Copy each line of the data below in which the word "will" can be found.

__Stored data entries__
● ● ● ● ● ● ●

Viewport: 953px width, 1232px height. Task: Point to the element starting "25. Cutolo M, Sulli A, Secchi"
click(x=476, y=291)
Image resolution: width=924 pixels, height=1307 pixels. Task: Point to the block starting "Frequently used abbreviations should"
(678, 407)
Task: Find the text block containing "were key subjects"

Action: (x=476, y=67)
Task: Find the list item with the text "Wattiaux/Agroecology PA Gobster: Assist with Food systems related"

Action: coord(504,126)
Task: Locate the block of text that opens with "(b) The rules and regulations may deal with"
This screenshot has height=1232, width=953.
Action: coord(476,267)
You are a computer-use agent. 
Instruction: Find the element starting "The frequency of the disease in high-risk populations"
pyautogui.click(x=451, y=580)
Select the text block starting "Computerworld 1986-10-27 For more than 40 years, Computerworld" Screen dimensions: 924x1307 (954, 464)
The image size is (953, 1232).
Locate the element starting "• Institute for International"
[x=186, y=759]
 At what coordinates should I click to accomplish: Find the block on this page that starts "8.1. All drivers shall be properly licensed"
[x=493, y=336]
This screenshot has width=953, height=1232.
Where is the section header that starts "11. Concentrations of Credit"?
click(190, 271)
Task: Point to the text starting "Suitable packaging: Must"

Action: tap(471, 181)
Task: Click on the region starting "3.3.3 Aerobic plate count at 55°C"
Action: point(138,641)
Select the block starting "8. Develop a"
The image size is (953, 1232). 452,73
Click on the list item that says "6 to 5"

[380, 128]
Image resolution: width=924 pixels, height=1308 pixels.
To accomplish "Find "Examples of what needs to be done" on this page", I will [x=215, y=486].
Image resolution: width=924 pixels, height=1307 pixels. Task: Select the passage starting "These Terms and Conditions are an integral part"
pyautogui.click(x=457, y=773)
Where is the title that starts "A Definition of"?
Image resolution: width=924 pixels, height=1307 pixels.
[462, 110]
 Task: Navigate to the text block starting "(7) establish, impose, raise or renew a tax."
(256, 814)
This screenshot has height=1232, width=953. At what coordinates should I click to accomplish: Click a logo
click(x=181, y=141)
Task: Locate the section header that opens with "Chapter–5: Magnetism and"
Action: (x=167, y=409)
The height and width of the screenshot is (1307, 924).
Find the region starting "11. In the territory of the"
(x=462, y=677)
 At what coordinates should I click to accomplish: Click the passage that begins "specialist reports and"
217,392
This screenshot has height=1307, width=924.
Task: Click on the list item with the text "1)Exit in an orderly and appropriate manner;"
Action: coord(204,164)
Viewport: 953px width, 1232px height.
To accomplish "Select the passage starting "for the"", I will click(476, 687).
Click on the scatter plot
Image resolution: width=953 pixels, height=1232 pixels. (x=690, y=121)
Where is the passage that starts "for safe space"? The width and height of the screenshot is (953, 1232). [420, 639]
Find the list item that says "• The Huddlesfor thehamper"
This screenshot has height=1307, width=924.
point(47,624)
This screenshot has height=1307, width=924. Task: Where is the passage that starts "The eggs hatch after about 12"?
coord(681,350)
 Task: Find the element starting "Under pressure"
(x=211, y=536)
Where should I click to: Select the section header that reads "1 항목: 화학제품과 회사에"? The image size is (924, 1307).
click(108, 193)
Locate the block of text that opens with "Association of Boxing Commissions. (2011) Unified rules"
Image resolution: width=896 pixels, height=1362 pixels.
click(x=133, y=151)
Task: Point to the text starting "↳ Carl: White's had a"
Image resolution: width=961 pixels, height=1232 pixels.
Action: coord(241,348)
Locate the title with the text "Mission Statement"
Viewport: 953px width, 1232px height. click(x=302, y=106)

● ● ● ● ● ● ●

__TASK SOLUTION__
To accomplish "Find "Examples of what needs to be done" on this page", I will [x=215, y=486].
To accomplish "Select the passage starting "for the"", I will click(476, 687).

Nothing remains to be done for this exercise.